Dentado: Diz-se do animal cujos dentes
têm esmalte diferente do corpo. Fr. denté.
Lampassado: Diz-se do animal cuja língua tem esmalte
diferente do corpo. Fr. lampassé.
Linguado: É o mesmo que lampassado. Fr.
langué.
Membrado: Diz-se da ave cujos pés e cujas partes
desplumadas das pernas têm esmalte diferente do corpo. Fr. membré.
Sancado: É o mesmo que membrado.
Unhado: Diz-se do animal de cascos cujas unhas têm
esmalte diferente do corpo. Fr. onglé.
Vilanado: Diz-se do animal cujos genitais têm esmalte diferente do corpo. Fr. vilené.
III. Qualificadores de forma e esmalte
Açaimado: Diz-se do animal que traz
açaime (isto é, mordaça). Fr. emmuselé.
Acorrentado: Diz-se do animal que está preso
por uma corrente. Fr. enchainé.
Ajaezado: Diz-se do cavalo que traz o seu
jaez (isto é, arreios).
Alado: Diz-se da figura que traz asa
ou asas contra a natureza. Diz-se também do animal voador cujas asas têm
esmalte diferente do corpo. Fr. ailé.
Caparoado: Diz-se da ave de cetraria cuja cabeça traz caparão. Fr. chaperonné.

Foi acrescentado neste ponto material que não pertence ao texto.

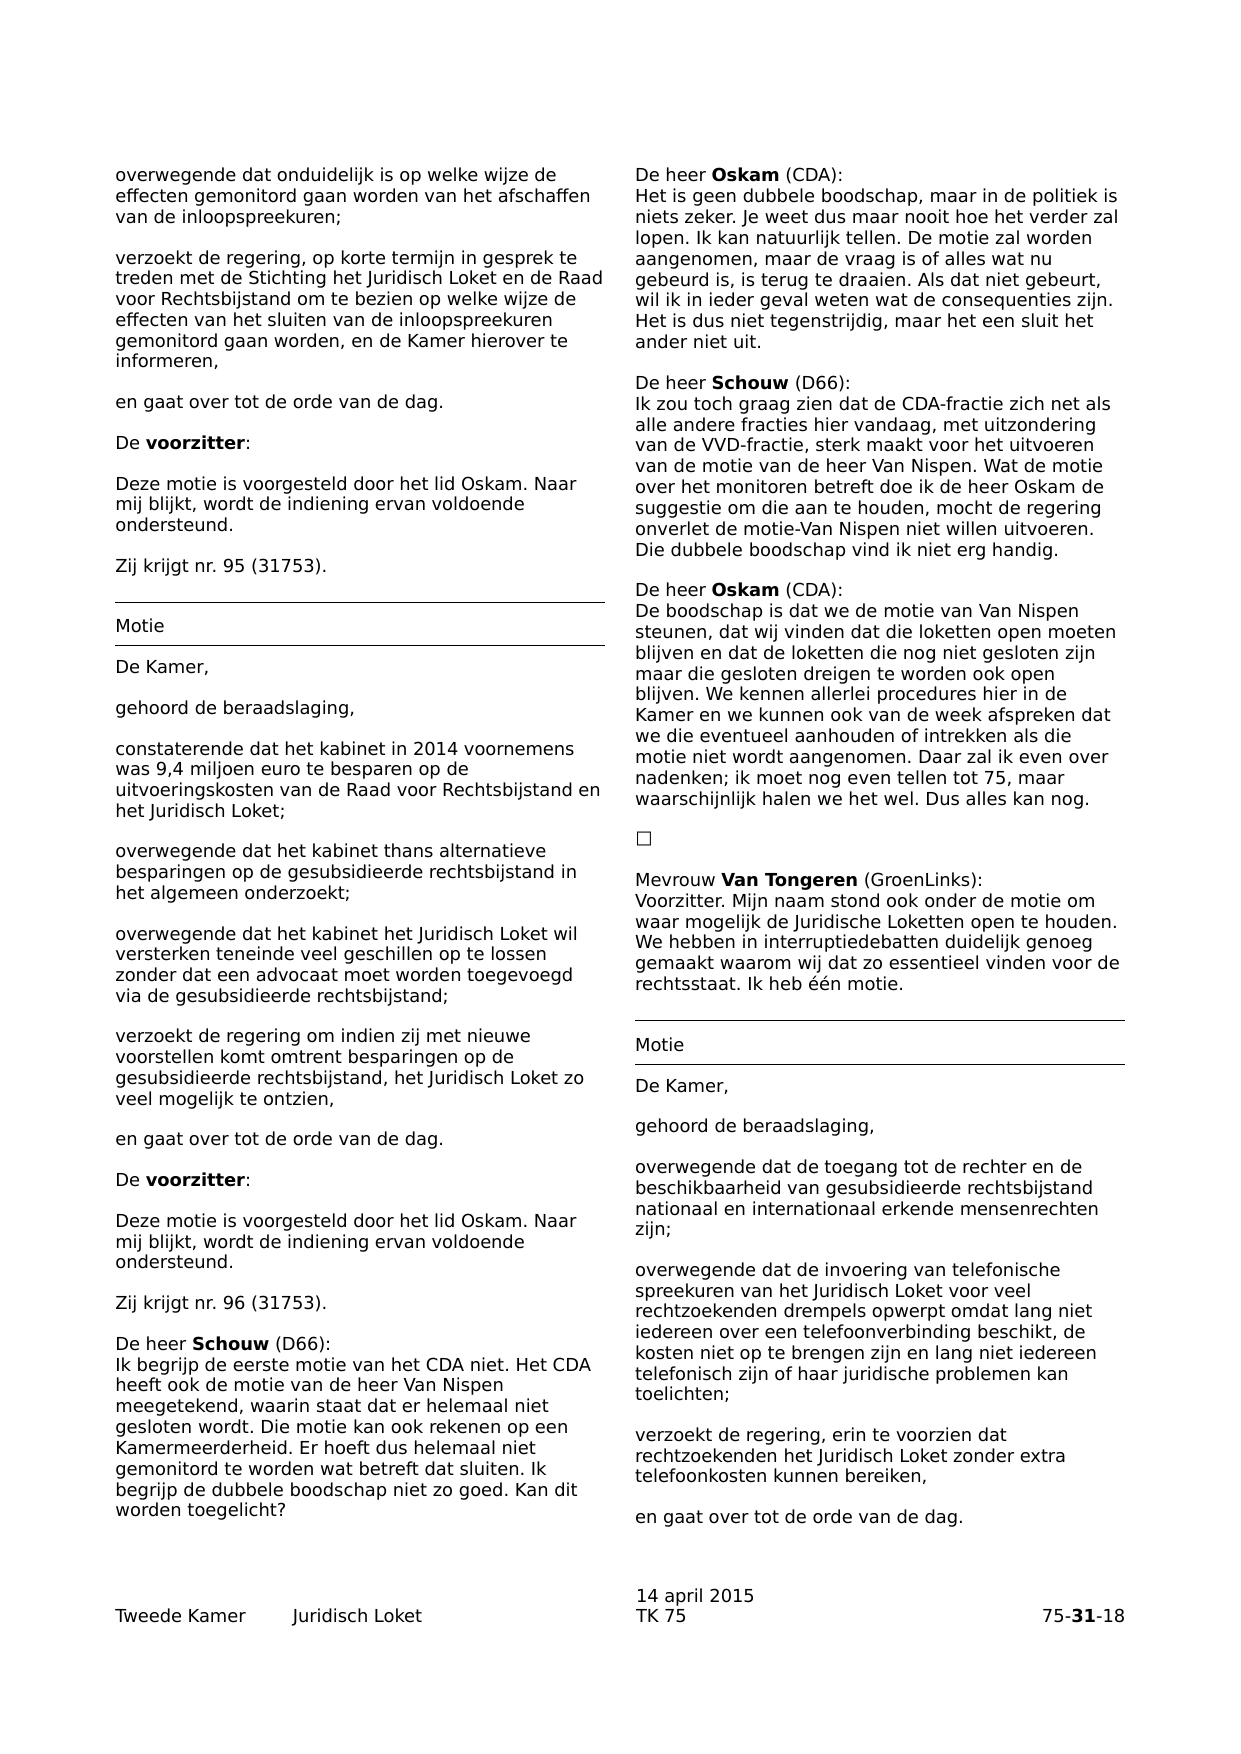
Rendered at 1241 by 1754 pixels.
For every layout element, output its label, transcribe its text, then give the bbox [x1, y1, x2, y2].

Cevado: Diz-se do lobo que traz um
cordeirinho na boca, entre os dentes, como se o tivesse abatido.
Chocalhado: Diz-se do animal cuja coleira
tem chocalho. Fr. clariné.
Coleirado: Diz-se do animal que traz
coleira. Fr. colleté.
Ferrado: Diz-se do cavalo cujas ferraduras têm
esmalte diferente do corpo.
Malhado: Diz-se do animal cujas malhas têm esmalte
diferente do corpo. Fr. tacheté.
IV. Dêiticos relativos
Engolido: Diz-se da peça cujas extremidades
entram nas bocas de animais, especialmente leões e serpes, dos quais aparecem
apenas as cabeças. Fr. engoulé.
Nadante: Diz-se do animal que carrega uma peça ou
figura que representa água ou está sustido por ela e se acha na sua postura
natural ao nadar. Fr. nageant.
Nascente: Diz-se do animal que mostra apenas a metade
superior do corpo, como se o resto estivesse detrás da partição, peça ou figura
de que parece surgir. Fr. naissant.
Sainte: Diz-se do animal que parece
sair de trás de uma partição, peça ou figura, porque se veem apenas a sua
cabeça e o corpo até a espádua. Fr. issant.
V. Dêitico locativo
Batalhante: Diz-se de dois animais
afrontados em postura de combate. Propriamente, este atributo só se distingue
do afrontado em se tratando dos animais cuja posição ordinária não é a
rampante ou equivalente.
(1) O artista iluminou os papagaios bicados e membrados de vermelho, o que condiz com o texto do capítulo, mas o brasonamento omite isso. Segui o brasonamento.
(2) Atualmente há duas espécies de merletas, que é uma ave imaginária: a merleta francesa parece um patinho sem bico nem pés; a merleta inglesa parece uma andorinha sem pés. No caso, o artista reproduziu uma merleta inglesa, no que o segui.